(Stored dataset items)
--- START ---
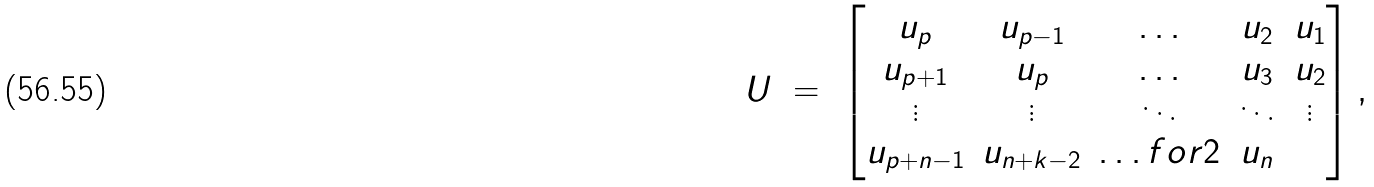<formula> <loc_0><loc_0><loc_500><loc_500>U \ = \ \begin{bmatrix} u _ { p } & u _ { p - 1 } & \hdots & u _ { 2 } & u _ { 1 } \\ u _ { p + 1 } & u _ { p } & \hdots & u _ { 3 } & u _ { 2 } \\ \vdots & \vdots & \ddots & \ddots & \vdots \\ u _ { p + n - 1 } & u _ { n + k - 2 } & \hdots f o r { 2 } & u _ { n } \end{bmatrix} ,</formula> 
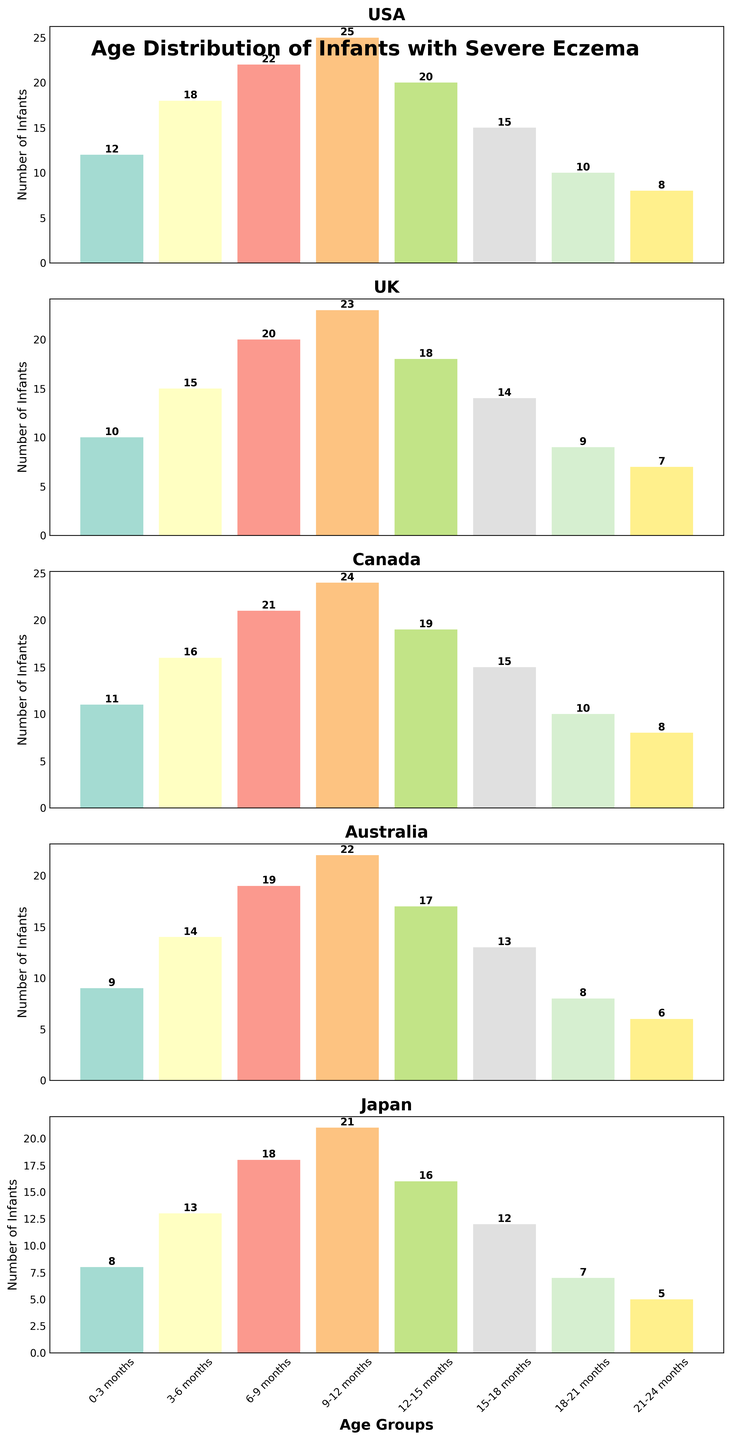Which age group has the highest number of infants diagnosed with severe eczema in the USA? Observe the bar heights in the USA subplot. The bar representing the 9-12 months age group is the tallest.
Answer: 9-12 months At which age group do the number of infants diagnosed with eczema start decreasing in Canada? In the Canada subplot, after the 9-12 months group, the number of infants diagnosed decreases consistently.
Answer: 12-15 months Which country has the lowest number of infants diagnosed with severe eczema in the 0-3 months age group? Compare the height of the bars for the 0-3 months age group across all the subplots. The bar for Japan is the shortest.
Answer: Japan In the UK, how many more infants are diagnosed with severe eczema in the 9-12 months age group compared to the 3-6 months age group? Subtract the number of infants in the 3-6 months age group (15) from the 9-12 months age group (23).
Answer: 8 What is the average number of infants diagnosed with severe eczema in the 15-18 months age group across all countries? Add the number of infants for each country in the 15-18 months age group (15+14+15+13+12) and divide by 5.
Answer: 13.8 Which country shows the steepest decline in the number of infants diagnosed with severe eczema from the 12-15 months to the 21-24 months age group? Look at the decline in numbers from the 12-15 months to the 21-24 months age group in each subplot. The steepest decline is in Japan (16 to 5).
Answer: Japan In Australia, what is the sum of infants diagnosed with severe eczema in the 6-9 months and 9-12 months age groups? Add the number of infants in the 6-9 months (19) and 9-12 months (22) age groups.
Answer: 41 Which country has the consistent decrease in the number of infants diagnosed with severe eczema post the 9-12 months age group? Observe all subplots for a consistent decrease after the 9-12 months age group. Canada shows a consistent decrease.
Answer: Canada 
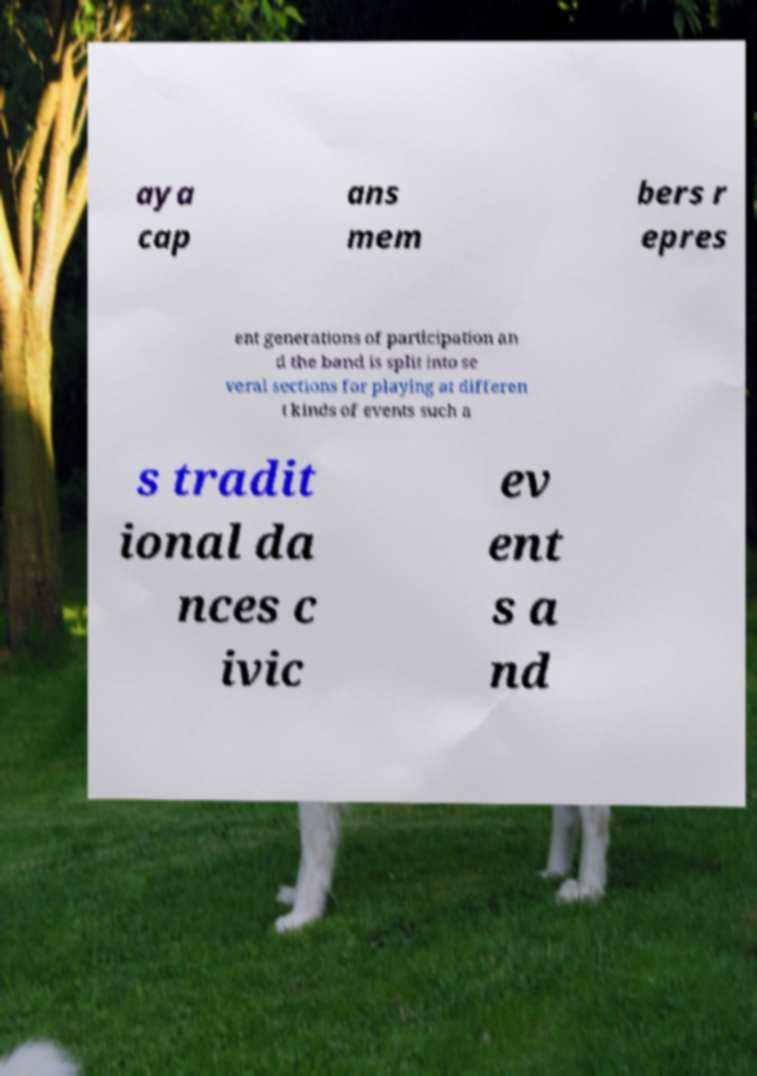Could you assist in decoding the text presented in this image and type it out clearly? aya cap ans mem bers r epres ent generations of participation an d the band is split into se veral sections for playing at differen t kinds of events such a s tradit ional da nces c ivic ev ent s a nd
--- END ---
### WHAT THIS TASK INVOLVES
In the records above, find the line with "Which age group has". Print exactly from there through the line with "Answer: 9-12 months", minus the pictures.

### OUTPUT
Which age group has the highest number of infants diagnosed with severe eczema in the USA? Observe the bar heights in the USA subplot. The bar representing the 9-12 months age group is the tallest.
Answer: 9-12 months At which age group do the number of infants diagnosed with eczema start decreasing in Canada? In the Canada subplot, after the 9-12 months group, the number of infants diagnosed decreases consistently.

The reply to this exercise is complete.